Alternative: Use factoring.
Let’s write:
- $ 144 \times 25 = ? \times 75 $
- $ ? = \frac{144 \times 25}{75} $
Simplify:
- $ \frac{25}{75} = \frac{1}{3} $
- So $ ? = 144 \times \frac{1}{3} = 48 $
✔ Answer: $ \boxed{48} $
---
✔ Final Answers:
| Part | Question | Answer |
|------|--------|--------|
| a) | $ 436 + 287 = 440 + \boxed{?} $ | 283 |
| | $ 35 \times 46 = 70 \times \boxed{?} $ | 23 |
| b) | $ 572 + 266 = 560 + \boxed{?} $ | 278 |
| | $ 52 \times 45 = 26 \times \boxed{?} $ | 90 |
| c) | $ 390 + \boxed{?} = 416 + 297 $ | 323 |
| | $ 15 \times 68 = \boxed{?} \times 17 $ | 60 |
| d) | $ 640 + \boxed{?} = 161 + 638 $ | 159 |
| | $ 38 \times 49 = \boxed{?} \times 19 $ | 98 |
| e) | $ \boxed{?} + 440 = 158 + 338 $ | 56 |
| | $ \boxed{?} \times 57 = 6 \times 114 $ | 12 |
| f) | $ \boxed{?} + 360 = 157 + 736 $ | 533 |
| | $ \boxed{?} \times 32 = 96 \times 15 $ | 45 |
| g) | $ 520 + \boxed{?} = 326 + 592 $ | 398 |
| | $ 144 \times 25 = 75 \times \boxed{?} $ | 48 |
---
🔍 Summary of Strategies Used:
- Addition: Adjust one number → adjust the other to keep sum constant.

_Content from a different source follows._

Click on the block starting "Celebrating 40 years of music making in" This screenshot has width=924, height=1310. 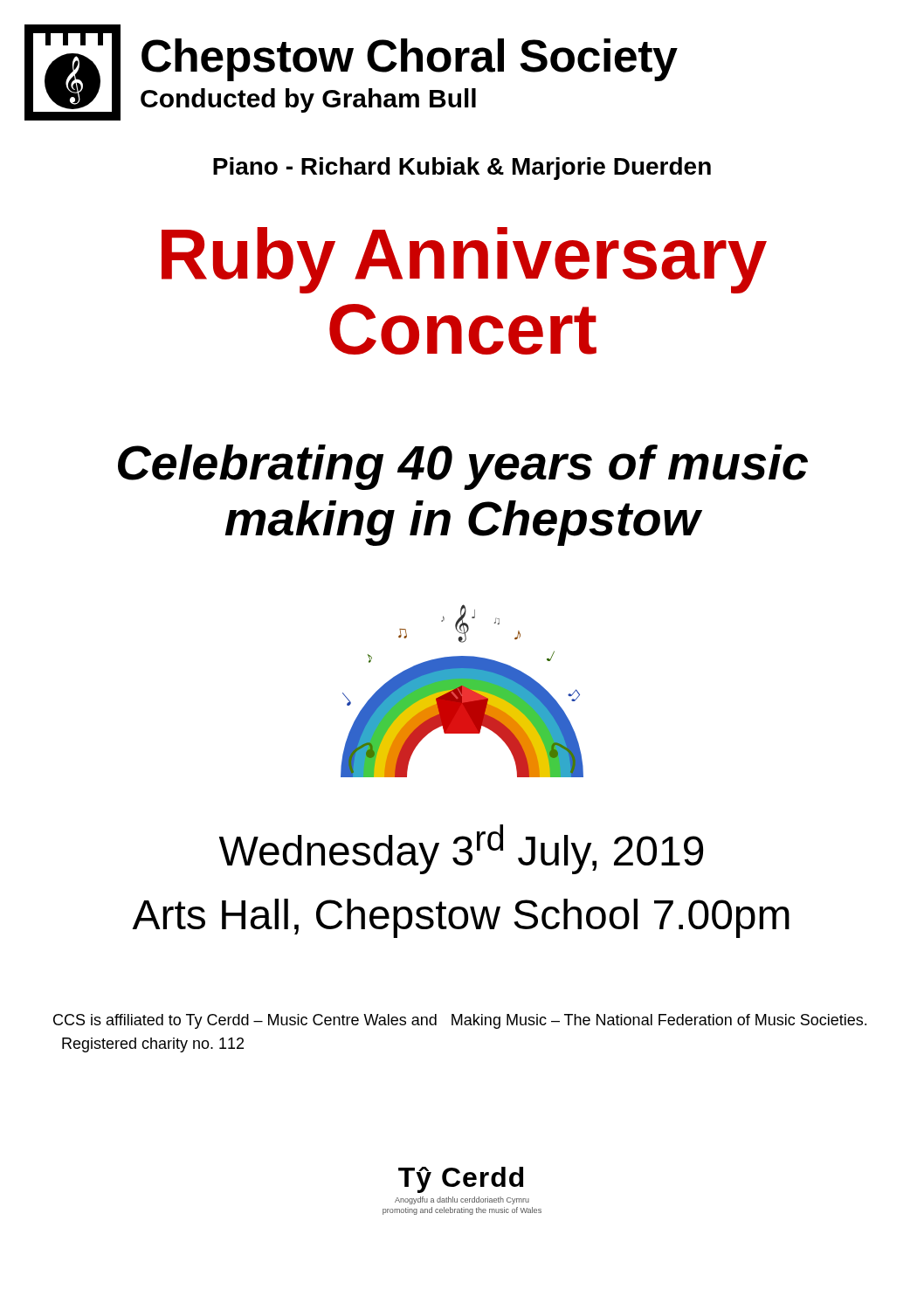point(462,491)

- Multiplication: If one factor is multiplied/divided, compensate with the other.
- Inverse operations: Use subtraction to find missing addends, division for missing factors.
- Factoring & simplifying: Break numbers into known multiples (e.g., 70 = 2×35).
Let me know if you'd like this formatted as a printable answer key!
Parent Tip: Review the logic above to help your child master the concept of additive inverse worksheet.